Agar sistem yang dibangun dalam pengelolaan hutan lestari di Papua dapat berjalan dengan baik dan dapat dikelola secara mandiri oleh kelompok-kelompok masyarakat adat Papua melalui fasilitas perizinan yang ada, maka perlu dipikirkan tentang ketersediaan Ganis pada setiap pemegang IUPHHK-MHA. Karena belum seluruh pihak terkait memahami perannya dalam SVLK, kecuali pihak perusahaan IUPHHK, Industri Primer Kehutanan, Dinas Kehutanan dan Koperasi yang bergerak di bidang pengolahan kayu, terutama mereka yang terlibat langsung dalam penatausahaan dan pengawas peredaran kayu (Ganis dan Wasganis). Mereka memahaminya karena dalam setiap pelatihan penyegaran Ganis dan Wasganis, perkembangan regulasi terbaru terkait dengan penatausahaan dan peredaran hasil hutan selalu disampaikan oleh instruktur.

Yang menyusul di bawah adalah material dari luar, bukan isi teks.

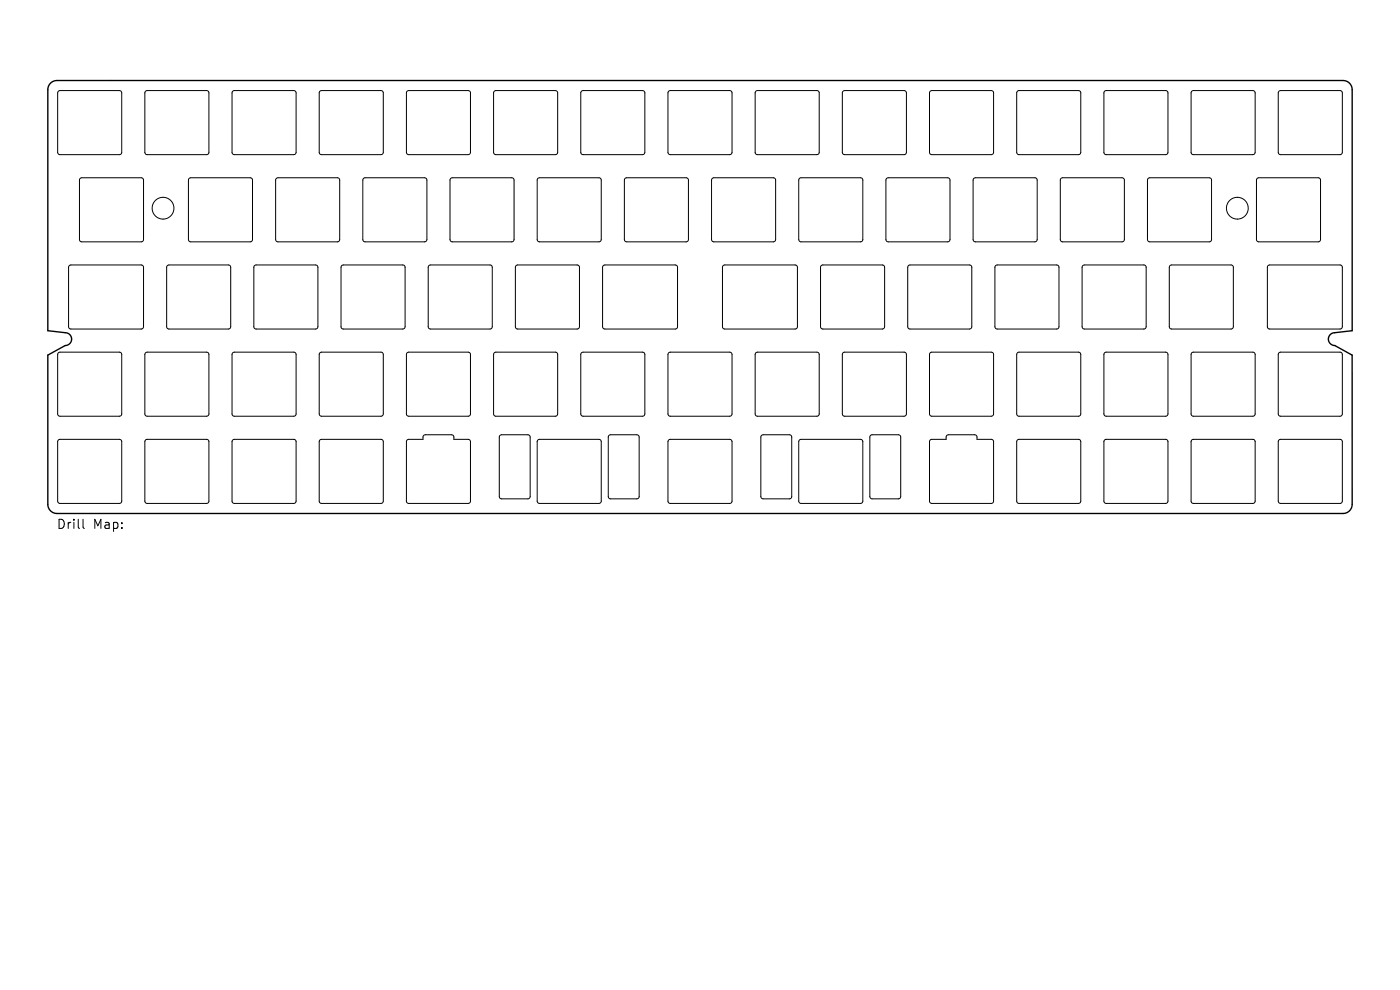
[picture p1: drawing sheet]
<svg xmlns="http://www.w3.org/2000/svg" width="297mm" height="210mm" viewBox="0 0 297 210" stroke-linecap="round" stroke-linejoin="round" font-family="sans-serif">
<defs><g id="words">
<g font-size="2.7">
<text x="11.9" y="112.5">Drill</text>
<text x="19.7" y="112.5">Map:</text>
</g>
</g></defs>
<g fill="none" stroke="#000" stroke-width=".21">
<path d="M12.4 19.3l.3-.1h12.6l.4 .2 .1 .3v12.6l-.1 .4-.4 .1h-12.6l-.3-.2-.2-.3v-12.6zM30.9 19.3l.3-.1h12.6l.4 .2 .1 .3v12.6l-.1 .4-.4 .1h-12.6l-.4-.2-.1-.3v-12.6zM49.4 19.3l.3-.1h12.6l.4 .2 .1 .3v12.6l-.2 .4-.3 .1h-12.6l-.4-.2-.1-.3v-12.6zM67.9 19.3l.3-.1h12.6l.4 .2 .1 .3v12.6l-.2 .4-.3 .1h-12.6l-.4-.2-.1-.3v-12.6zM86.4 19.3l.3-.1h12.6l.4 .2 .1 .3v12.6l-.2 .4-.3 .1h-12.6l-.4-.2-.1-.3v-12.6zM123.4 19.3l.3-.1h12.6l.4 .2 .1 .3v12.6l-.2 .4-.3 .1h-12.6l-.4-.2-.1-.3v-12.6zM141.9 19.3l.3-.1h12.6l.4 .2 .1 .3v12.6l-.2 .4-.3 .1h-12.6l-.4-.2-.1-.3v-12.6zM160.4 19.3l.3-.1h12.6l.4 .2 .1 .3v12.6l-.2 .4-.3 .1h-12.6l-.4-.2-.1-.3v-12.6zM178.9 19.3l.3-.1h12.6l.4 .2 .1 .3v12.6l-.2 .4-.3 .1h-12.6l-.4-.2-.1-.3v-12.6zM197.4 19.3l.3-.1h12.6l.4 .2 .1 .3v12.6l-.2 .4-.3 .1h-12.6l-.4-.2-.1-.3v-12.6zM215.9 19.3l.3-.1h12.6l.4 .2 .1 .3v12.6l-.2 .4-.3 .1h-12.6l-.4-.2-.1-.3v-12.6zM234.4 19.3l.3-.1h12.6l.4 .2 .1 .3v12.6l-.2 .4-.3 .1h-12.6l-.4-.2-.1-.3v-12.6z"/>
<path d="M252.8 19.3l.4-.1h12.6l.4 .2 .1 .3v12.6l-.2 .4-.3 .1h-12.6l-.4-.2-.1-.3v-12.6zM271.3 19.3l.4-.1h12.6l.4 .2 .1 .3v12.6l-.2 .4-.3 .1h-12.6l-.4-.2-.1-.3v-12.6zM17 37.8l.3-.1h12.7l.3 .2 .2 .3-.1 12.6-.1 .4-.3 .1h-12.7l-.3-.2-.1-.3v-12.6zM40.1 37.8l.4-.1h12.6l.4 .2 .1 .3v12.6l-.2 .4-.3 .1h-12.6l-.4-.2-.1-.3v-12.6zM58.6 37.8l.4-.1h12.6l.3 .2 .2 .3v12.6l-.2 .4-.3 .1h-12.6l-.4-.2-.1-.3v-12.6zM95.6 37.8l.4-.1h12.6l.3 .2 .2 .3v12.6l-.2 .4-.3 .1h-12.6l-.4-.2-.1-.3v-12.6zM114.1 37.8l.3-.1h12.7l.3 .2 .2 .3v12.6l-.2 .4-.3 .1h-12.7l-.3-.2-.1-.3v-12.6zM117.8 32.8l.3-.1 .2-.4v-12.6l-.1-.3-.4-.2h-12.6l-.3 .1-.2 .4v12.6l.1 .3 .4 .2h12.6M132.6 37.8l.3-.1h12.7l.3 .2 .1 .3v12.6l-.1 .4-.3 .1h-12.7l-.3-.2-.1-.3v-12.6zM169.6 37.8l.3-.1h12.7l.3 .2 .1 .3v12.6l-.1 .4-.3 .1h-12.7l-.3-.2-.2-.3v-12.6zM188.1 37.8l.3-.1h12.7l.3 .2 .1 .3v12.6l-.1 .4-.4 .1h-12.6l-.3-.2-.2-.3v-12.6zM206.6 37.8l.3-.1h12.6l.4 .2 .1 .3v12.6l-.1 .4-.4 .1h-12.6l-.3-.2-.2-.3v-12.6z"/>
<path d="M225.1 37.8l.3-.1h12.6l.4 .2 .1 .3v12.6l-.1 .4-.4 .1h-12.6l-.3-.2-.2-.3v-12.6zM243.6 37.8l.3-.1h12.6l.4 .2 .1 .3v12.6l-.1 .4-.4 .1h-12.6l-.3-.2-.2-.3v-12.6zM266.7 37.8l.3-.1h12.7l.3 .2 .1 .3v12.6l-.1 .4-.3 .1h-12.7l-.3-.2-.1-.3v-12.6zM14.7 56.3l.3-.1 15.2 .1 .3 .4-.1 12.9-.4 .2-15.2-.1-.3-.4v-12.6zM35.5 56.3l.3-.1h12.7l.3 .2 .1 .3v12.6l-.1 .4-.3 .1h-12.7l-.3-.2-.1-.3v-12.6zM54 56.3l.3-.1h12.7l.3 .2 .1 .3v12.6l-.1 .4-.3 .1h-12.7l-.3-.2-.2-.3v-12.6zM72.5 56.3l.3-.1h12.7l.3 .2 .1 .3v12.6l-.1 .4-.4 .1h-12.6l-.3-.2-.2-.3v-12.6zM90.6 50.8l-.2 .4-.3 .1h-12.6l-.4-.2-.1-.3v-12.6l.1-.4 .4-.1h12.6l.3 .2 .2 .3v12.6M91 56.3l.3-.1h12.6l.4 .2 .1 .3v12.6l-.1 .4-.4 .1h-12.6l-.3-.2-.2-.3v-12.6zM109.5 56.3l.3-.1h12.6l.4 .2 .1 .3v12.6l-.1 .4-.4 .1h-12.6l-.3-.2-.2-.3v-12.6zM128 56.3l.3-.1 15.2 .1 .2 .4v12.9l-.4 .2-15.2-.1-.3-.4v-12.6zM153.4 56.3l.4-.1 15.1 .1 .3 .4-.1 12.9-.4 .2-15.2-.1-.2-.4v-12.6z"/>
<path d="M164.5 50.8l-.1 .4-.3 .1h-12.7l-.3-.2-.1-.3v-12.6l.1-.4 .3-.1h12.7l.3 .2 .1 .3v12.6M174.2 56.3l.4-.1h12.6l.3 .2 .2 .3v12.6l-.2 .4-.3 .1h-12.6l-.4-.2-.1-.3v-12.6zM192.7 56.3l.4-.1h12.6l.3 .2 .2 .3v12.6l-.2 .4-.3 .1h-12.6l-.4-.2-.1-.3v-12.6zM211.2 56.3l.3-.1h12.7l.3 .2 .2 .3v12.6l-.2 .4-.3 .1h-12.7l-.3-.2-.1-.3v-12.6zM248.2 56.3l.3-.1h12.7l.3 .2 .1 .3v12.6l-.1 .4-.3 .1h-12.7l-.3-.2-.1-.3v-12.6zM269 56.3l.3-.1 15.2 .1 .3 .4v12.6l-.2 .4-.3 .1-15.2-.1-.2-.4v-12.6zM12.4 74.8l.3-.1h12.6l.4 .2 .1 .3v12.6l-.1 .4-.4 .1h-12.6l-.3-.2-.2-.3v-12.6zM49.4 74.8l.3-.1h12.6l.4 .2 .1 .3v12.6l-.2 .4-.3 .1h-12.6l-.4-.2-.1-.3v-12.6zM67.9 74.8l.3-.1h12.6l.4 .2 .1 .3v12.6l-.2 .4-.3 .1h-12.6l-.4-.2-.1-.3v-12.6zM86.4 74.8l.3-.1h12.6l.4 .2 .1 .3v12.6l-.2 .4-.3 .1h-12.6l-.4-.2-.1-.3v-12.6zM123.4 74.8l.3-.1h12.6l.4 .2 .1 .3v12.6l-.2 .4-.3 .1h-12.6l-.4-.2-.1-.3v-12.6zM141.9 74.8l.3-.1h12.6l.4 .2 .1 .3v12.6l-.2 .4-.3 .1h-12.6l-.4-.2-.1-.3v-12.6z"/>
<path d="M160.4 74.8l.3-.1h12.6l.4 .2 .1 .3v12.6l-.2 .4-.3 .1h-12.6l-.4-.2-.1-.3v-12.6zM178.9 74.8l.3-.1h12.6l.4 .2 .1 .3v12.6l-.2 .4-.3 .1h-12.6l-.4-.2-.1-.3v-12.6zM197.4 74.8l.3-.1h12.6l.4 .2 .1 .3v12.6l-.2 .4-.3 .1h-12.6l-.4-.2-.1-.3v-12.6zM215.9 74.8l.3-.1h12.6l.4 .2 .1 .3v12.6l-.2 .4-.3 .1h-12.6l-.4-.2-.1-.3v-12.6zM234.4 74.8l.3-.1h12.6l.4 .2 .1 .3v12.6l-.2 .4-.3 .1h-12.6l-.4-.2-.1-.3v-12.6zM242.7 69.8l.3-.1 .2-.4v-12.6l-.2-.3-.3-.2h-12.7l-.3 .1-.1 .4v12.6l.1 .3 .3 .2h12.7M252.8 74.8l.4-.1h12.6l.4 .2 .1 .3v12.6l-.2 .4-.3 .1h-12.6l-.4-.2-.1-.3v-12.6zM271.3 74.8l.4-.1h12.6l.4 .2 .1 .3v12.6l-.2 .4-.3 .1h-12.6l-.4-.2-.1-.3v-12.6zM12.4 93.3l.3-.1h12.6l.4 .2 .1 .3v12.6l-.1 .4-.4 .1h-12.6l-.3-.2-.2-.3v-12.6zM43.8 88.3l.4-.1 .1-.4v-12.6l-.1-.3-.4-.2h-12.6l-.3 .1-.2 .4v12.6l.1 .3 .4 .2h12.6M49.4 93.3l.3-.1h12.6l.4 .2 .1 .3v12.6l-.2 .4-.3 .1h-12.6l-.4-.2-.1-.3v-12.6zM67.9 93.3l.3-.1h12.6l.4 .2 .1 .3v12.6l-.2 .4-.3 .1h-12.6l-.4-.2-.1-.3v-12.6z"/>
<path d="M86.4 93.3l.3-.1h3l.1-.6 .4-.4h5.6l.4 .3 .1 .7h3l.4 .2 .1 .3v12.6l-.2 .4-.3 .1h-12.6l-.4-.2-.1-.3v-12.6zM106.1 92.3l.3-.1h5.6l.4 .3 .1 12.8-.3 .5h-5.8l-.4-.3-.1-12.8zM114.1 93.3l.3-.1h12.7l.3 .2 .2 .3v12.6l-.2 .4-.3 .1h-12.7l-.3-.2-.1-.3v-12.6zM117.8 88.3l.3-.1 .2-.4v-12.6l-.1-.3-.4-.2h-12.6l-.3 .1-.2 .4v12.6l.1 .3 .4 .2h12.6M129.2 92.3l.3-.1h5.6l.5 .3v12.8l-.3 .5h-5.8l-.4-.3-.1-12.8zM141.9 93.3l.3-.1h12.6l.4 .2 .1 .3v12.6l-.2 .4-.3 .1h-12.6l-.4-.2-.1-.3v-12.6zM161.6 92.3l.3-.1h5.6l.4 .3 .1 12.8-.3 .5h-5.8l-.4-.3-.1-12.8zM169.6 93.3l.3-.1h12.7l.3 .2 .1 .3v12.6l-.1 .4-.3 .1h-12.7l-.3-.2-.2-.3v-12.6zM184.7 92.3l.3-.1h5.6l.4 .3 .1 12.8-.3 .5h-5.8l-.4-.3-.1-12.8zM197.4 93.3l.3-.1h3v-.6l.4-.4h5.7l.4 .3 .1 .7h3l.4 .2 .1 .3v12.6l-.2 .4-.3 .1h-12.6l-.4-.2-.1-.3v-12.6zM215.9 93.3l.3-.1h12.6l.4 .2 .1 .3v12.6l-.2 .4-.3 .1h-12.6l-.4-.2-.1-.3v-12.6zM234.4 93.3l.3-.1h12.6l.4 .2 .1 .3v12.6l-.2 .4-.3 .1h-12.6l-.4-.2-.1-.3v-12.6z"/>
<path d="M252.8 93.3l.4-.1h12.6l.4 .2 .1 .3v12.6l-.2 .4-.3 .1h-12.6l-.4-.2-.1-.3v-12.6zM271.3 93.3l.4-.1h12.6l.4 .2 .1 .3v12.6l-.2 .4-.3 .1h-12.6l-.4-.2-.1-.3v-12.6zM17.6 110.2v1.6l.3 .3M43.8 106.8l.4-.1 .1-.4v-12.6l-.1-.3-.4-.2h-12.6l-.3 .1-.2 .4v12.6l.1 .3 .4 .2h12.6"/>
<circle cx="34.6" cy="44.2" r="2.31"/>
<circle cx="262.5" cy="44.2" r="2.31"/>
</g>
<path d="M10.6 17.7l.7-.4 .8-.2h272.8a1.94 1.94 0 0 1 2 1.9v51.2l-3.7 .4a1.36 1.36 0 0 0-1.4 1.3 1.36 1.36 0 0 0 1.4 1.4l3.6 2 .1 31.7a1.94 1.94 0 0 1-2 1.9h-272.8a1.94 1.94 0 0 1-2-1.9v-31.7l3.7-2a1.36 1.36 0 0 0 1.4-1.4 1.36 1.36 0 0 0-1.4-1.3l-3.7-.4v-51.2l.1-.5z" fill="none" stroke="#000" stroke-width=".29"/>
<use href="#words"/>
</svg>

Akan tetapi bagi pemegang IUPHHK-MHA, hal-hal mengenai ketersediaan Ganis maupun Wasganis belum menjadi prioritas dalam rencana-rencana jangka pendek mereka karena konsentrasi berpikir mereka adalah bagaimana memobilisasi tenaga kerja di kampung dan bagaimana mengorganisir modal kerja. Sehingga hal-hal mengenai ketersediaan ganis dan wasganis sering dipikirkan sepihak oleh pemerintah daerah, c.q. Dinas Kehutanan Kabupaten dan Provinsi saja. Kondisi ini harus serius dipikirkan juga oleh para pemegang izin IUPHHK-MHA karena dalam SVLK, kecukupan Ganis dan Wasganis juga menjadi salah satu item penilaian oleh para auditor.